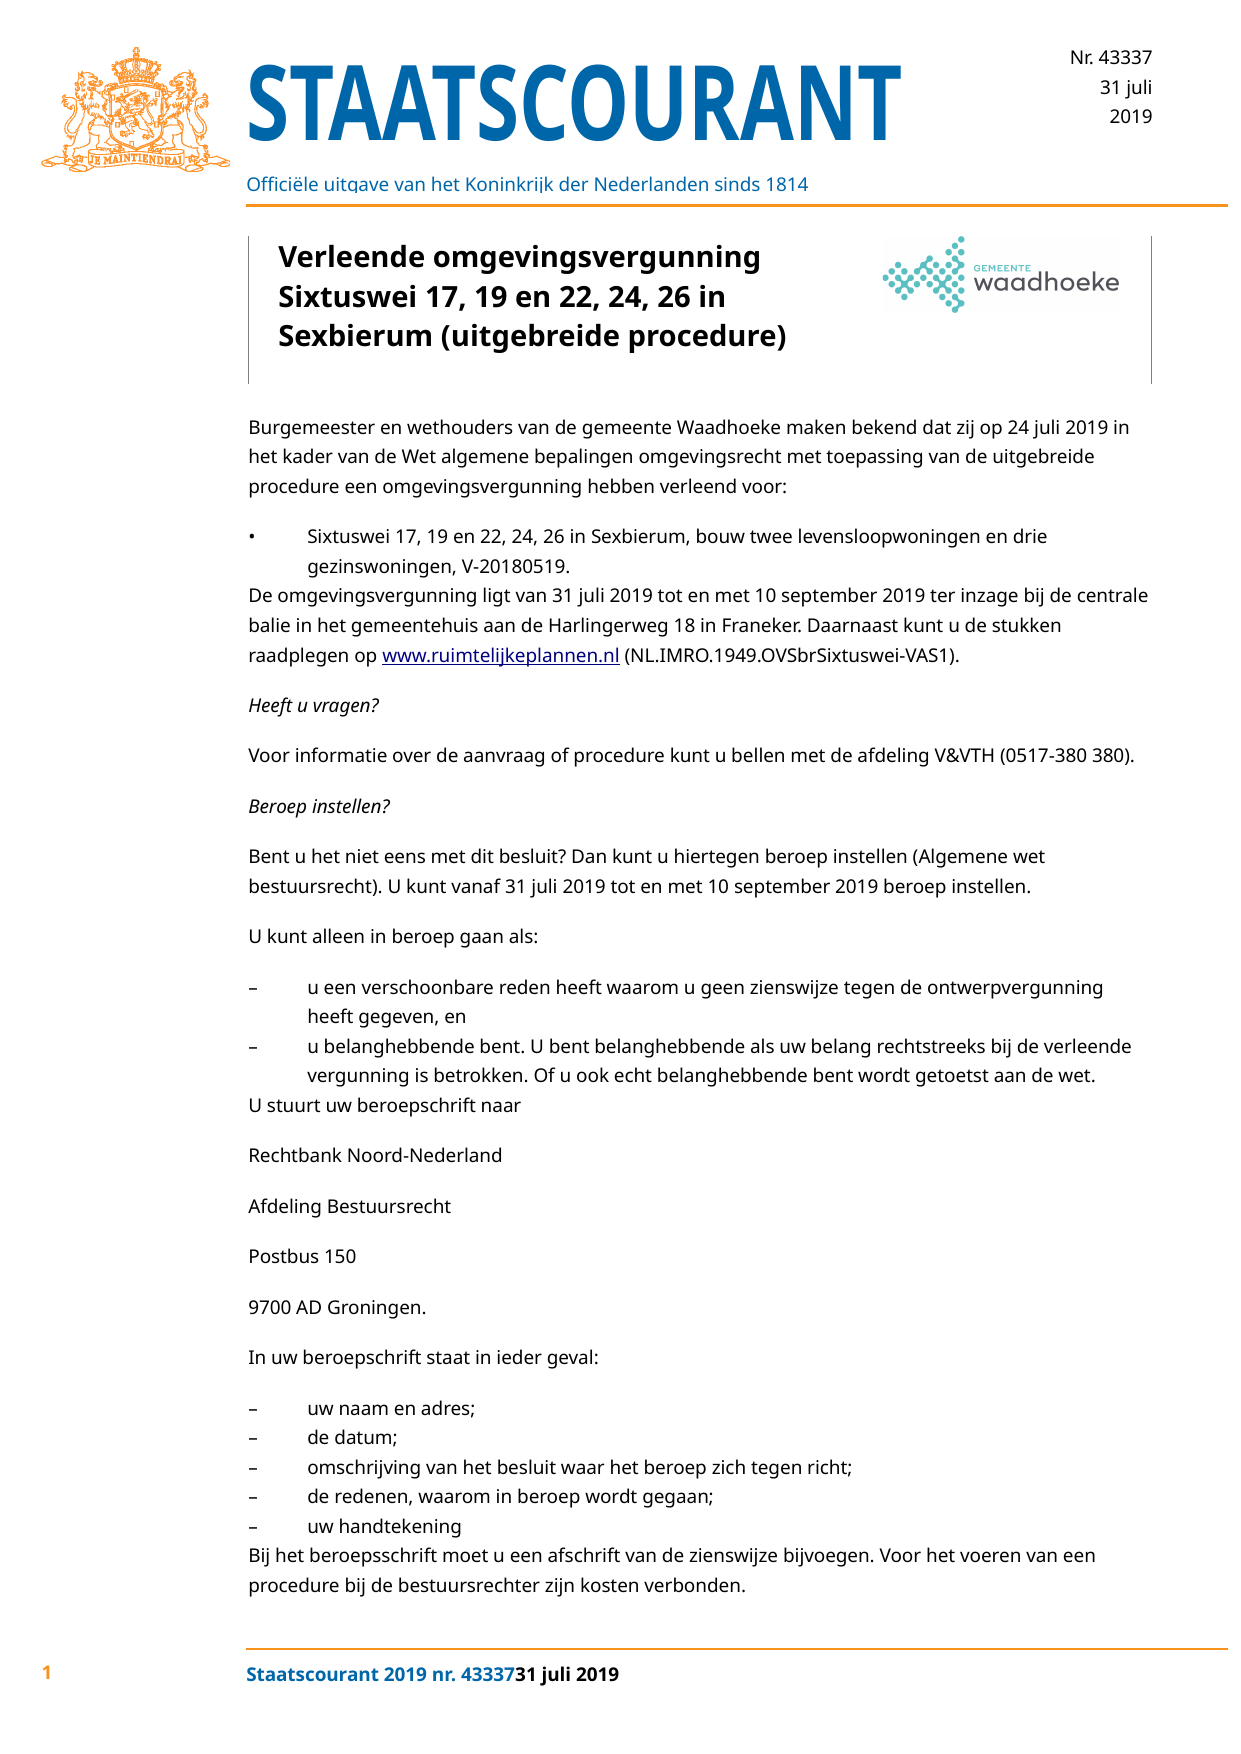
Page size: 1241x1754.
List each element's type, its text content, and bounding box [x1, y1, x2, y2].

text Voor informatie over de aanvraag of procedure kunt u bellen met de afdeling V&VTH (0517-380 380). [248, 743, 1152, 768]
picture [882, 236, 1119, 313]
list de datum; [248, 1424, 1152, 1450]
text Heeft u vragen? [248, 692, 1152, 718]
list Sixtuswei 17, 19 en 22, 24, 26 in Sexbierum, bouw twee levensloopwoningen en drie gezinswoningen, V-20180519. [248, 523, 1152, 579]
table_header [850, 313, 1151, 384]
text Postbus 150 [248, 1243, 1152, 1269]
list uw handtekening [248, 1513, 1152, 1539]
table_header [850, 236, 882, 312]
table_header [1119, 236, 1151, 312]
table_header Verleende omgevingsvergunning Sixtuswei 17, 19 en 22, 24, 26 in Sexbierum (uitgebreide procedure) [249, 236, 850, 384]
list uw naam en adres; [248, 1395, 1152, 1421]
list u belanghebbende bent. U bent belanghebbende als uw belang rechtstreeks bij de verleende vergunning is betrokken. Of u ook echt belanghebbende bent wordt getoetst aan de wet. [248, 1033, 1152, 1088]
text Afdeling Bestuursrecht [248, 1193, 1152, 1219]
picture [41, 47, 231, 172]
text 9700 AD Groningen. [248, 1294, 1152, 1320]
text Bent u het niet eens met dit besluit? Dan kunt u hiertegen beroep instellen (Algemene wet bestuursrecht). U kunt vanaf 31 juli 2019 tot en met 10 september 2019 beroep instellen. [248, 843, 1152, 899]
list de redenen, waarom in beroep wordt gegaan; [248, 1483, 1152, 1509]
text Burgemeester en wethouders van de gemeente Waadhoeke maken bekend dat zij op 24 juli 2019 in het kader van de Wet algemene bepalingen omgevingsrecht met toepassing van de uitgebreide procedure een omgevingsvergunning hebben verleend voor: [248, 414, 1152, 499]
list omschrijving van het besluit waar het beroep zich tegen richt; [248, 1454, 1152, 1480]
text De omgevingsvergunning ligt van 31 juli 2019 tot en met 10 september 2019 ter inzage bij de centrale balie in het gemeentehuis aan de Harlingerweg 18 in Franeker. Daarnaast kunt u de stukken raadplegen op www.ruimtelijkeplannen.nl (NL.IMRO.1949.OVSbrSixtuswei-VAS1). [248, 583, 1152, 668]
list u een verschoonbare reden heeft waarom u geen zienswijze tegen de ontwerpvergunning heeft gegeven, en [248, 974, 1152, 1029]
text Rechtbank Noord-Nederland [248, 1143, 1152, 1168]
text Bij het beroepsschrift moet u een afschrift van de zienswijze bijvoegen. Voor het voeren van een procedure bij de bestuursrechter zijn kosten verbonden. [248, 1543, 1152, 1598]
text U kunt alleen in beroep gaan als: [248, 923, 1152, 949]
text Beroep instellen? [248, 793, 1152, 819]
text U stuurt uw beroepschrift naar [248, 1092, 1152, 1118]
text In uw beroepschrift staat in ieder geval: [248, 1344, 1152, 1370]

------------------------------

◆ How to complete this task
All lines of the entries above where "kunt" turns up should be reported.

◆ Solution to this problem
text Voor informatie over de aanvraag of procedure kunt u bellen met de afdeling V&VTH (0517-380 380). [248, 743, 1152, 768]
text Bent u het niet eens met dit besluit? Dan kunt u hiertegen beroep instellen (Algemene wet bestuursrecht). U kunt vanaf 31 juli 2019 tot en met 10 september 2019 beroep instellen. [248, 843, 1152, 899]
text De omgevingsvergunning ligt van 31 juli 2019 tot en met 10 september 2019 ter inzage bij de centrale balie in het gemeentehuis aan de Harlingerweg 18 in Franeker. Daarnaast kunt u de stukken raadplegen op www.ruimtelijkeplannen.nl (NL.IMRO.1949.OVSbrSixtuswei-VAS1). [248, 583, 1152, 668]
text U kunt alleen in beroep gaan als: [248, 923, 1152, 949]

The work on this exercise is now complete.